Task to complete => Transcribe the listing below only from the line with "fun RoomType.of(type: String): RoomType" up to and including the line with "Across all years, what is the maximum CPIA".

Material for this exercise =>
#####

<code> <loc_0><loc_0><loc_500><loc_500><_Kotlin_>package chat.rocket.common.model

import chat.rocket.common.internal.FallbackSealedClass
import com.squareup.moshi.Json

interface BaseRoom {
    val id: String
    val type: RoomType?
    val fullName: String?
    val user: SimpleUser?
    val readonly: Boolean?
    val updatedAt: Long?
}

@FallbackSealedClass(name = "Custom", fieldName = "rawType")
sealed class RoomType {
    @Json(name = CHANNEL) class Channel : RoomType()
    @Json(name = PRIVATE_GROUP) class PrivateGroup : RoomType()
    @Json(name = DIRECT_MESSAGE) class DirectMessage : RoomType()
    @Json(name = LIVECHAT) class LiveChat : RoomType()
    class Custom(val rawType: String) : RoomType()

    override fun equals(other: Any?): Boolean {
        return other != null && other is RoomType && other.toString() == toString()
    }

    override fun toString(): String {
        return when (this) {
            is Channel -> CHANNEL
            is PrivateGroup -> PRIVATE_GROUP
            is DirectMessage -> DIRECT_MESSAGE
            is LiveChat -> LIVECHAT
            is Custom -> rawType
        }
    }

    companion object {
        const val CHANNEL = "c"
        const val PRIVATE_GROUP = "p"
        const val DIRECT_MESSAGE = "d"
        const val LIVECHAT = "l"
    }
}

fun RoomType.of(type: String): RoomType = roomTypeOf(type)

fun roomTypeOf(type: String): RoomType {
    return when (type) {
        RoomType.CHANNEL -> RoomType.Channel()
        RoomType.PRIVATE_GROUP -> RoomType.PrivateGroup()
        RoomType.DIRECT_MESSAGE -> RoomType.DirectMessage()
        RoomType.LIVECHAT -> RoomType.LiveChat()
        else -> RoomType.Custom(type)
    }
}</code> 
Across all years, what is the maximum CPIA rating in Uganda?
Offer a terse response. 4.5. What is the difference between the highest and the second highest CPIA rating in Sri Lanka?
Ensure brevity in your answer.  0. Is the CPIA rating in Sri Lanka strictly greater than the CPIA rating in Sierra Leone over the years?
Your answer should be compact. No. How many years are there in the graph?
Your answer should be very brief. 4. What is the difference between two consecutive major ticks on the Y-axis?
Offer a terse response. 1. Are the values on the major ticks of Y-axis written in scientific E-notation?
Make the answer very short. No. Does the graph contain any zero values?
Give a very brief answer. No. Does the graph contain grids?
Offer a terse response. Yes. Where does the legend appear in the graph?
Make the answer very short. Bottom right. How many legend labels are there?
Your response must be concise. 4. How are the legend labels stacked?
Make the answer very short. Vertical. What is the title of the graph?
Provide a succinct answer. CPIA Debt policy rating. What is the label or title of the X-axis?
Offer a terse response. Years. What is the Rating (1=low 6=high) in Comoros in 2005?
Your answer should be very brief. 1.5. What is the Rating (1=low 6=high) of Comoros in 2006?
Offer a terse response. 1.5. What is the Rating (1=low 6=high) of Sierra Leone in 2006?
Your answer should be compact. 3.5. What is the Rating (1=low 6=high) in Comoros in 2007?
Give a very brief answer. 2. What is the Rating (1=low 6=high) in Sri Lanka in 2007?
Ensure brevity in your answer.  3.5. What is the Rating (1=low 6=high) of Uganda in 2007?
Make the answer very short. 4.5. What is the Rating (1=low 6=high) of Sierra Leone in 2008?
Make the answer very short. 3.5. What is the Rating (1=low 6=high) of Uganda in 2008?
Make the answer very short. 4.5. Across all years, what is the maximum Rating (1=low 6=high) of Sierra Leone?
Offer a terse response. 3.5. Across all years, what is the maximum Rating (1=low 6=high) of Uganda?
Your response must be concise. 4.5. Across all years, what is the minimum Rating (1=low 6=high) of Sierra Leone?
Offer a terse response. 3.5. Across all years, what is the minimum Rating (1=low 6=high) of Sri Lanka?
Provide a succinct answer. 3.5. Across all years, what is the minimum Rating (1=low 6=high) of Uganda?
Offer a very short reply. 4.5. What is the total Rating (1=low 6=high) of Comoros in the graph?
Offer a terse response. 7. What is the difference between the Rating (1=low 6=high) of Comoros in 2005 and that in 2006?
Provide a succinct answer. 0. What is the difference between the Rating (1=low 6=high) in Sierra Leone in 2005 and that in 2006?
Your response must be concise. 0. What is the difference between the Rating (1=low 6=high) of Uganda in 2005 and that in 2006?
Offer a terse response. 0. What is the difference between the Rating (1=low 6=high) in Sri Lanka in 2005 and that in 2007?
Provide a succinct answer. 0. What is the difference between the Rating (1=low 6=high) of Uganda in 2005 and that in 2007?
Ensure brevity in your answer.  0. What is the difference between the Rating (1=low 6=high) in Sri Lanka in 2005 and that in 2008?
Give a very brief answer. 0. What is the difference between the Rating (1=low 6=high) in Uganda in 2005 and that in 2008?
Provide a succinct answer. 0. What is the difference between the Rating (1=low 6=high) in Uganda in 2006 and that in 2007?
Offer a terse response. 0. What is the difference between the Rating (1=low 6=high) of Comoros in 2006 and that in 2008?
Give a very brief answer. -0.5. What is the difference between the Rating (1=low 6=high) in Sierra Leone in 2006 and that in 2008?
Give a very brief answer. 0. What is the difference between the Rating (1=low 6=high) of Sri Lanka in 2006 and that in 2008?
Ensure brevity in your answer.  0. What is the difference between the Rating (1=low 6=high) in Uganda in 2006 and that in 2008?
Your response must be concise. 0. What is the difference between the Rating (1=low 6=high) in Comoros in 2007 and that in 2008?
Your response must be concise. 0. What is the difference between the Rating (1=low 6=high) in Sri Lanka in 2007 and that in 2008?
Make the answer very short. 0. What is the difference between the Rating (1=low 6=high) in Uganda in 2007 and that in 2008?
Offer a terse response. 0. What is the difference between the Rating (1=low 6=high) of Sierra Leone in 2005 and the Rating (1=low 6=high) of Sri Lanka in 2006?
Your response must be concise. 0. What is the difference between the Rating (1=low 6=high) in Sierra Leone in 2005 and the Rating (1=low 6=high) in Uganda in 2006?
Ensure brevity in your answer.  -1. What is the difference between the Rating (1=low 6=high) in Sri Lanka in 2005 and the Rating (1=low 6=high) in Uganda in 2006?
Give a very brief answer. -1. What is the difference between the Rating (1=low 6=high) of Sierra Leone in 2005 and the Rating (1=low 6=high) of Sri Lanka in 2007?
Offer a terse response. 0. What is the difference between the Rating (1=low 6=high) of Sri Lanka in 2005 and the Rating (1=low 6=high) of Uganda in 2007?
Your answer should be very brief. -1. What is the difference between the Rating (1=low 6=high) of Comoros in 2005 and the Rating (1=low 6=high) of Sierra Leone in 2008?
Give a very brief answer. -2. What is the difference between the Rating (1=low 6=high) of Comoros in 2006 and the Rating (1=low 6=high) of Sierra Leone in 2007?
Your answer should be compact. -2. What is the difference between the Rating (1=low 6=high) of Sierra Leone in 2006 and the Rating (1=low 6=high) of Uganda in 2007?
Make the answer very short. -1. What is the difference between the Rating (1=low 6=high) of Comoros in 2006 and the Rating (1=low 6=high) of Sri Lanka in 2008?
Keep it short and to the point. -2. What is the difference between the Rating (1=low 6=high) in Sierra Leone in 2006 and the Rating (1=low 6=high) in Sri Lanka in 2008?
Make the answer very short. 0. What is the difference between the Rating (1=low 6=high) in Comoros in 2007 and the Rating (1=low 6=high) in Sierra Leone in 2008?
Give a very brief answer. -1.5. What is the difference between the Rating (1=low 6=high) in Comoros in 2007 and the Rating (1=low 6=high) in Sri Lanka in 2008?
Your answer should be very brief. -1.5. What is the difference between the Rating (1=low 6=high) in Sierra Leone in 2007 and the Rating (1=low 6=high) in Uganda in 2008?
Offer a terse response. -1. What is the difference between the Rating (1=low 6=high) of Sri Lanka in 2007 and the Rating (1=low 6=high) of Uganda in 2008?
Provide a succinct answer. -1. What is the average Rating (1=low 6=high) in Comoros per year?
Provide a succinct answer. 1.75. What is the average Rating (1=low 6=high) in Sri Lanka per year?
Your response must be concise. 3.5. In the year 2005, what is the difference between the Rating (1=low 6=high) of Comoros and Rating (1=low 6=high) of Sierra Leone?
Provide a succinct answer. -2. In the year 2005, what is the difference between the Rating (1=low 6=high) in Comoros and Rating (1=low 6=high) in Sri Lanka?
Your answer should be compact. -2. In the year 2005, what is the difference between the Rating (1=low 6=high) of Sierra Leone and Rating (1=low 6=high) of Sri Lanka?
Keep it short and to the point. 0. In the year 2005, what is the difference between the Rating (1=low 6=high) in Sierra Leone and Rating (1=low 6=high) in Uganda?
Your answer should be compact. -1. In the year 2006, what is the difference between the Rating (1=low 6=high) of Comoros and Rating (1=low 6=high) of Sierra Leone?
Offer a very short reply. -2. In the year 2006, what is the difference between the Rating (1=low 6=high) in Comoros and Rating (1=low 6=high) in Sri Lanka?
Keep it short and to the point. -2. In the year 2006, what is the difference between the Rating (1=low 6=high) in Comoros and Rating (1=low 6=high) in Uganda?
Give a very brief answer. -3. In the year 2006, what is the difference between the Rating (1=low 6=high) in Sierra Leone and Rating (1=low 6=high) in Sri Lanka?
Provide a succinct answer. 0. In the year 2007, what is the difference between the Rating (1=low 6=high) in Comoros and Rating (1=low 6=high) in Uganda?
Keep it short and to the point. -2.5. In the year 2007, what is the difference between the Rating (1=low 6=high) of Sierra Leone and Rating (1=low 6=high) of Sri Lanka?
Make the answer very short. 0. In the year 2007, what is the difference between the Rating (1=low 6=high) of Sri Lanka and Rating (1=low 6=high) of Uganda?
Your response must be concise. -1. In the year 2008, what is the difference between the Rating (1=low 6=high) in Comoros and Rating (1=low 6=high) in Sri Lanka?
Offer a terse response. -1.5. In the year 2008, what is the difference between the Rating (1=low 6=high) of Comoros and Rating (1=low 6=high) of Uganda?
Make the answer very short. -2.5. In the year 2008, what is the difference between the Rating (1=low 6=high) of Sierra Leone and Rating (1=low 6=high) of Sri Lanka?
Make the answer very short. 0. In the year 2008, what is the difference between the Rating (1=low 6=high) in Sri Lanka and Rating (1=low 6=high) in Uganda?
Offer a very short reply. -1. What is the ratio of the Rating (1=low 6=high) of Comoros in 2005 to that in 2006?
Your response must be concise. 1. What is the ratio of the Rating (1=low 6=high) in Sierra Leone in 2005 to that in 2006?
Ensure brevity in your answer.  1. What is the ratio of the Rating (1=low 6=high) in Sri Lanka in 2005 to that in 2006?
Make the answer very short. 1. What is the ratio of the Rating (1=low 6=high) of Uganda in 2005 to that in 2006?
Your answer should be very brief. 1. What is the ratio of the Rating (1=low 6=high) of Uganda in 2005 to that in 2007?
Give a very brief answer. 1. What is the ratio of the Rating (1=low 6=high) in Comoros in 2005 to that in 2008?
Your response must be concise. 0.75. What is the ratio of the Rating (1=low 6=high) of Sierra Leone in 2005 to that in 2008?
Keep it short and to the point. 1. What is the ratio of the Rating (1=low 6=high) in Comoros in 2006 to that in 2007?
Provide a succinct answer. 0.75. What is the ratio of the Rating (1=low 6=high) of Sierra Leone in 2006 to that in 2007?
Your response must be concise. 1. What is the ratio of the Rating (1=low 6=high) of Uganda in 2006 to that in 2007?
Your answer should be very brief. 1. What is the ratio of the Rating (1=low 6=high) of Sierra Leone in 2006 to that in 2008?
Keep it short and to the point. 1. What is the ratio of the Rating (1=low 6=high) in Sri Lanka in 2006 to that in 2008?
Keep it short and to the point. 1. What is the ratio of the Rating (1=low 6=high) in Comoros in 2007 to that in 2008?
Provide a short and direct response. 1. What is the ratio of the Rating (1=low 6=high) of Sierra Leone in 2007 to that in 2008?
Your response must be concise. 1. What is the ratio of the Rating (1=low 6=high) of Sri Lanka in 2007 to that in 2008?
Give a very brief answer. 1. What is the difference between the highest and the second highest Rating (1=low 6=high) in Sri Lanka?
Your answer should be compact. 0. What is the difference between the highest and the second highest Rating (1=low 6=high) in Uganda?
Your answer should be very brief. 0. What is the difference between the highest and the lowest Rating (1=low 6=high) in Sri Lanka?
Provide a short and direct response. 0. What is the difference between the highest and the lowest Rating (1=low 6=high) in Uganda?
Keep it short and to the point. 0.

#####

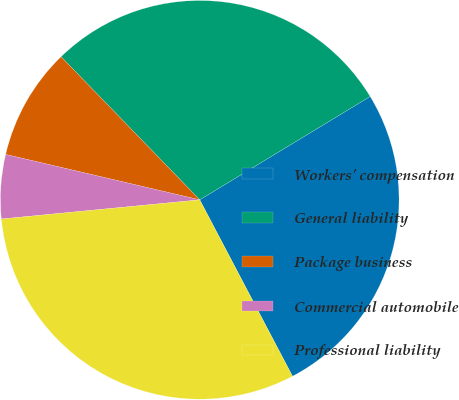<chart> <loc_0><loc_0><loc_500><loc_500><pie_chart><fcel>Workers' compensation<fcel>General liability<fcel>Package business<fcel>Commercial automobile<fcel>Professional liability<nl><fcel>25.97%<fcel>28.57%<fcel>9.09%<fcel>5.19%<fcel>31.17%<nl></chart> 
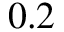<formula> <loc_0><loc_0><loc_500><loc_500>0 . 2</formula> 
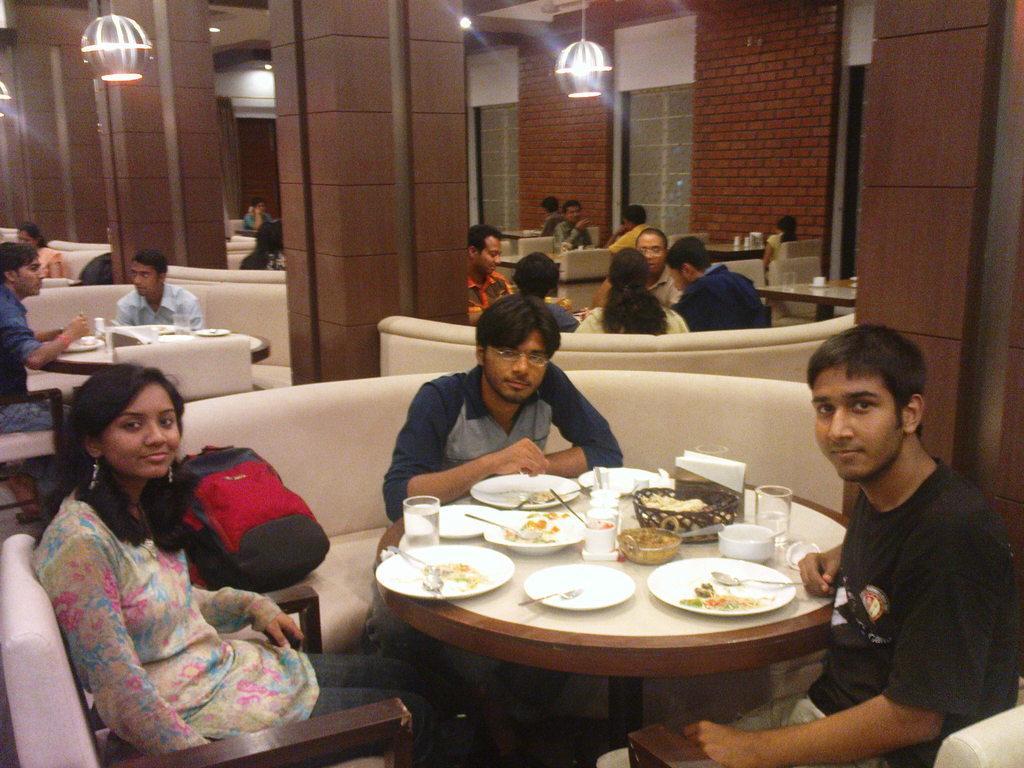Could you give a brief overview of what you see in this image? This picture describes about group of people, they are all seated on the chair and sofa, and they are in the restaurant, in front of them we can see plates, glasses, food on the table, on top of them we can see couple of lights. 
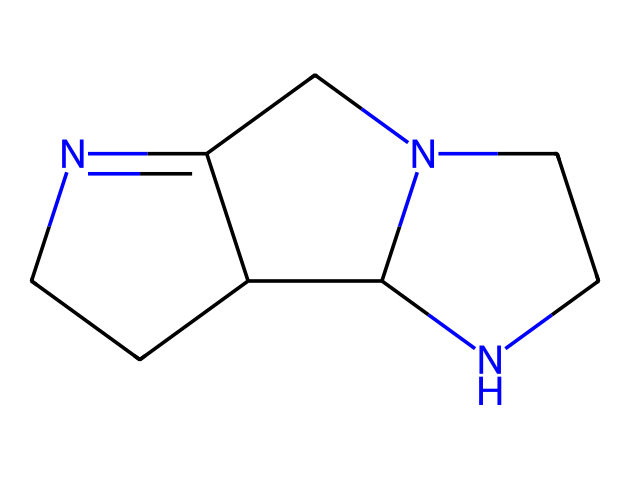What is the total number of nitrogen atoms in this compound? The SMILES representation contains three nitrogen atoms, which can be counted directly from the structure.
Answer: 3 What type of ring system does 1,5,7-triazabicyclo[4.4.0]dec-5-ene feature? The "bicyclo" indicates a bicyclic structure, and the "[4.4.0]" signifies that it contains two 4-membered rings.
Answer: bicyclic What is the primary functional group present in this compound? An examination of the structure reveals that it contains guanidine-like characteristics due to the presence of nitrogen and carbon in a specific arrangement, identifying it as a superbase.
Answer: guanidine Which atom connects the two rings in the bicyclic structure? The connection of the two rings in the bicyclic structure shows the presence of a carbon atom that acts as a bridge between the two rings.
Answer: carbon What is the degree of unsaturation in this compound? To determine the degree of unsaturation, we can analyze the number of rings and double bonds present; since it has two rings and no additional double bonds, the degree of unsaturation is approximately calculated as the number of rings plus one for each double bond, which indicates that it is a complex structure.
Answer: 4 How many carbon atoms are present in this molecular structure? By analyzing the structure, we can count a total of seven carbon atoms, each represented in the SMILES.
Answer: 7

#####

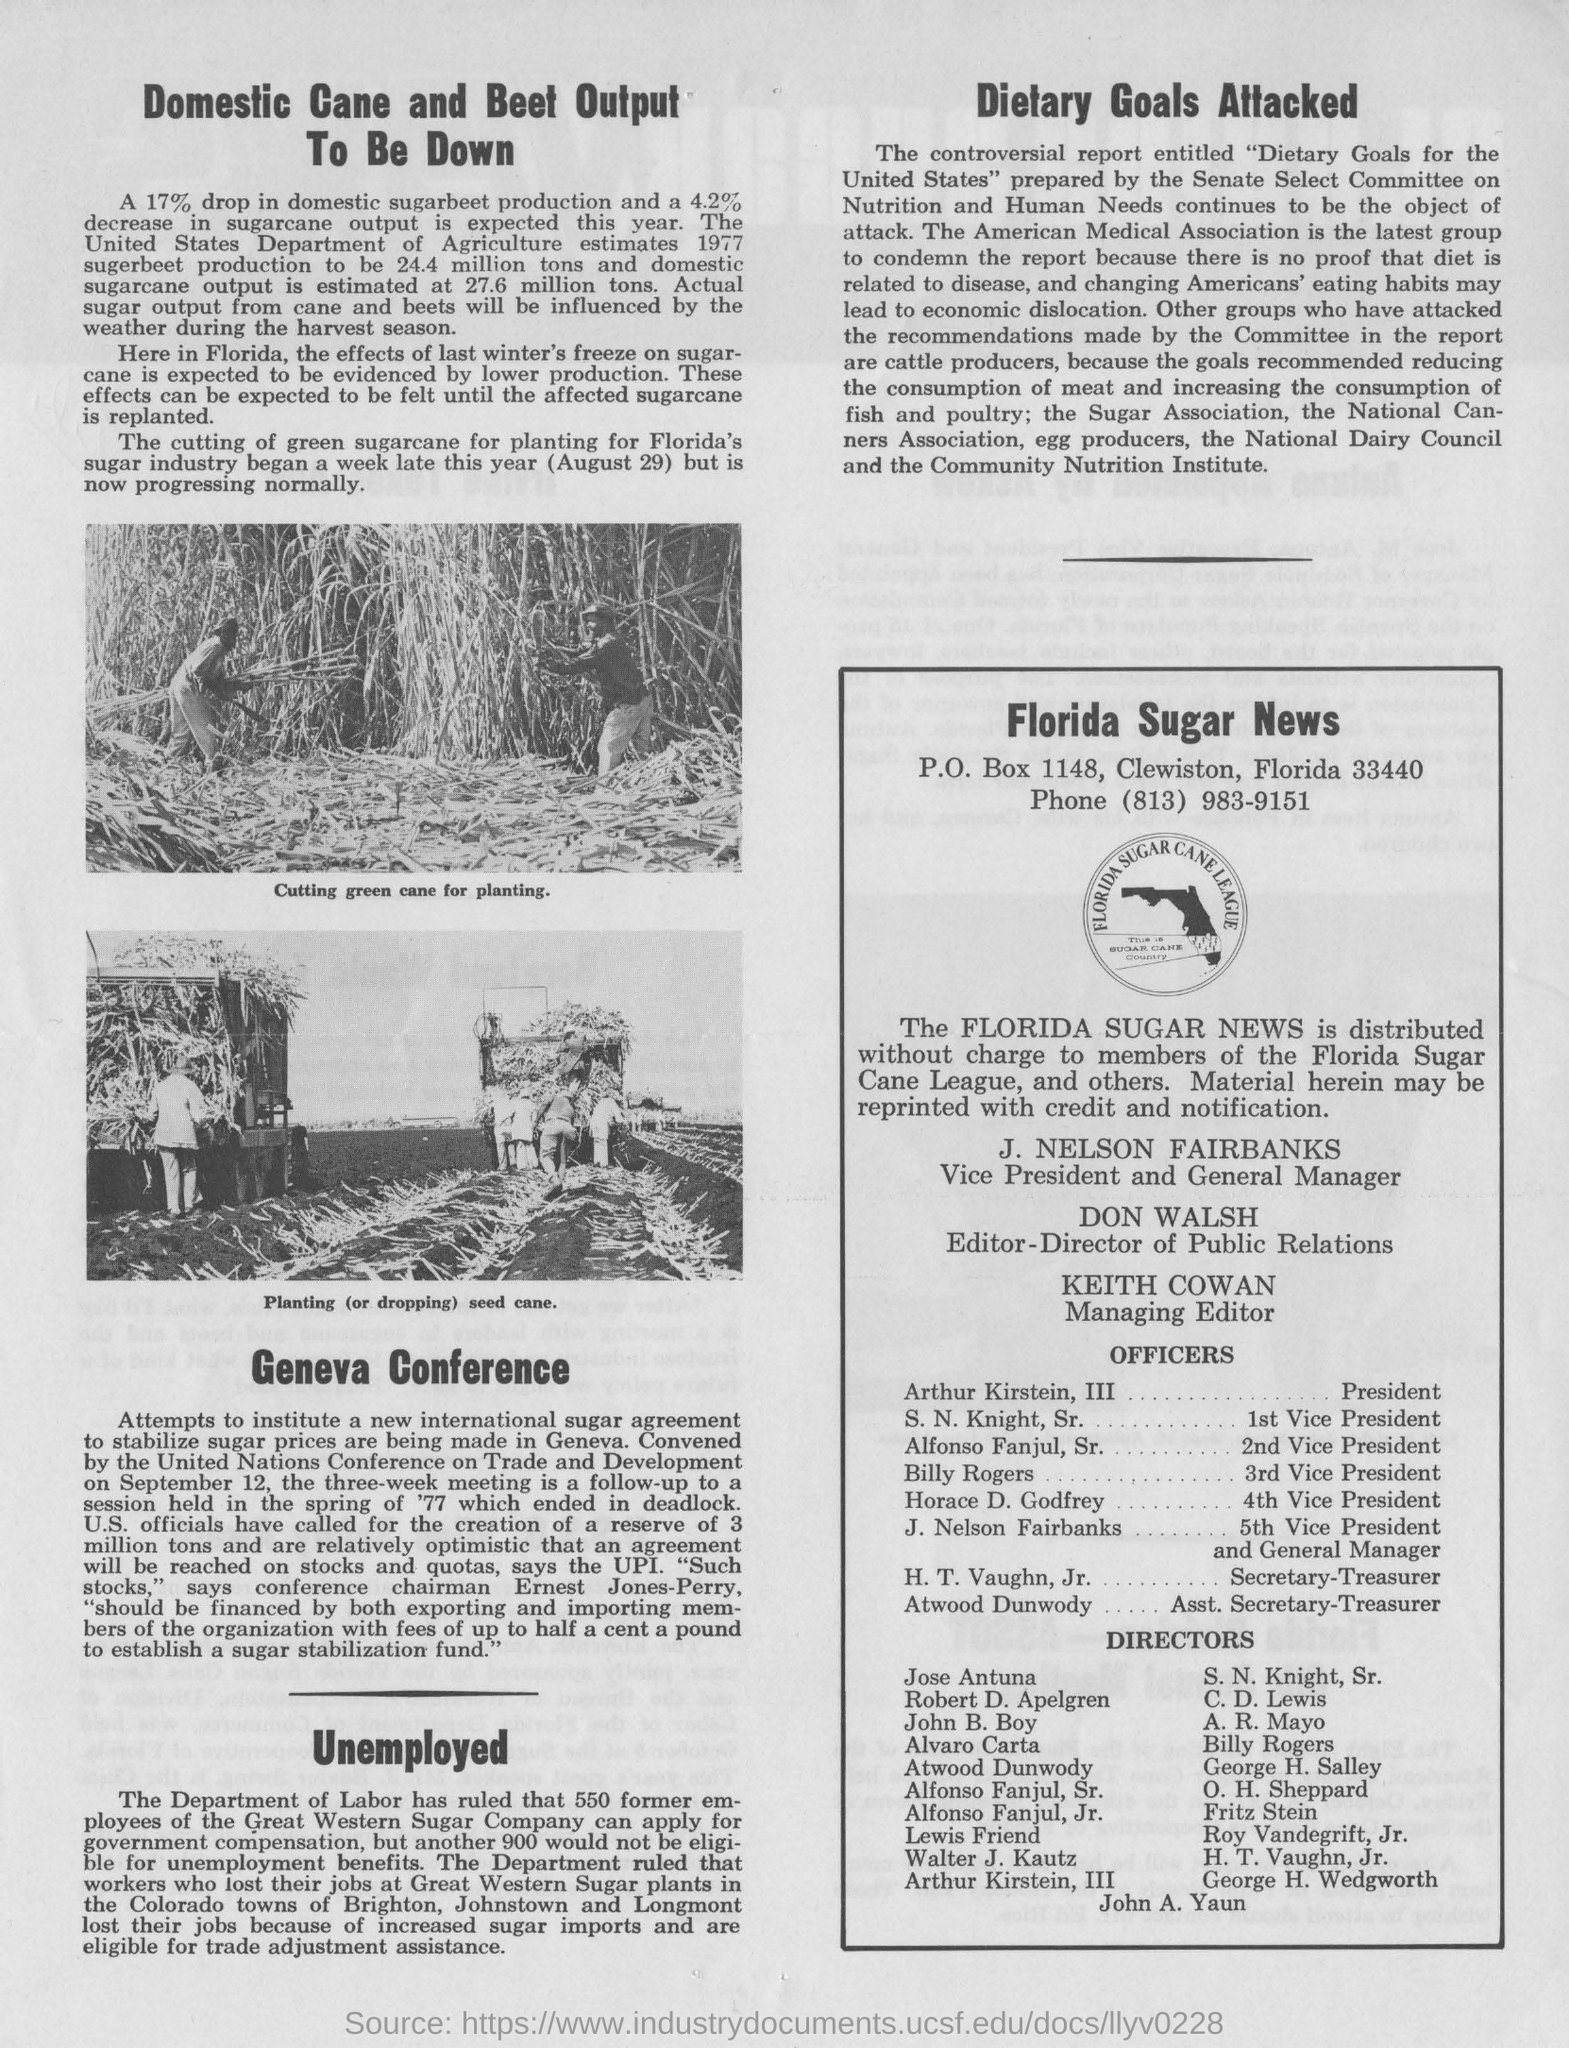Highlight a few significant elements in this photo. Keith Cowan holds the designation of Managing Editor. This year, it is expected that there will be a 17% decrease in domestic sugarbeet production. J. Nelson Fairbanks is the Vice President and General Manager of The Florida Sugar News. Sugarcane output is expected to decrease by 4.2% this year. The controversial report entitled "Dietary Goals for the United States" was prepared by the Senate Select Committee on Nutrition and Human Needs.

#####

Answer to the problem =>
fun RoomType.of(type: String): RoomType = roomTypeOf(type)

fun roomTypeOf(type: String): RoomType {
    return when (type) {
        RoomType.CHANNEL -> RoomType.Channel()
        RoomType.PRIVATE_GROUP -> RoomType.PrivateGroup()
        RoomType.DIRECT_MESSAGE -> RoomType.DirectMessage()
        RoomType.LIVECHAT -> RoomType.LiveChat()
        else -> RoomType.Custom(type)
    }
}</code> 
Across all years, what is the maximum CPIA rating in Uganda?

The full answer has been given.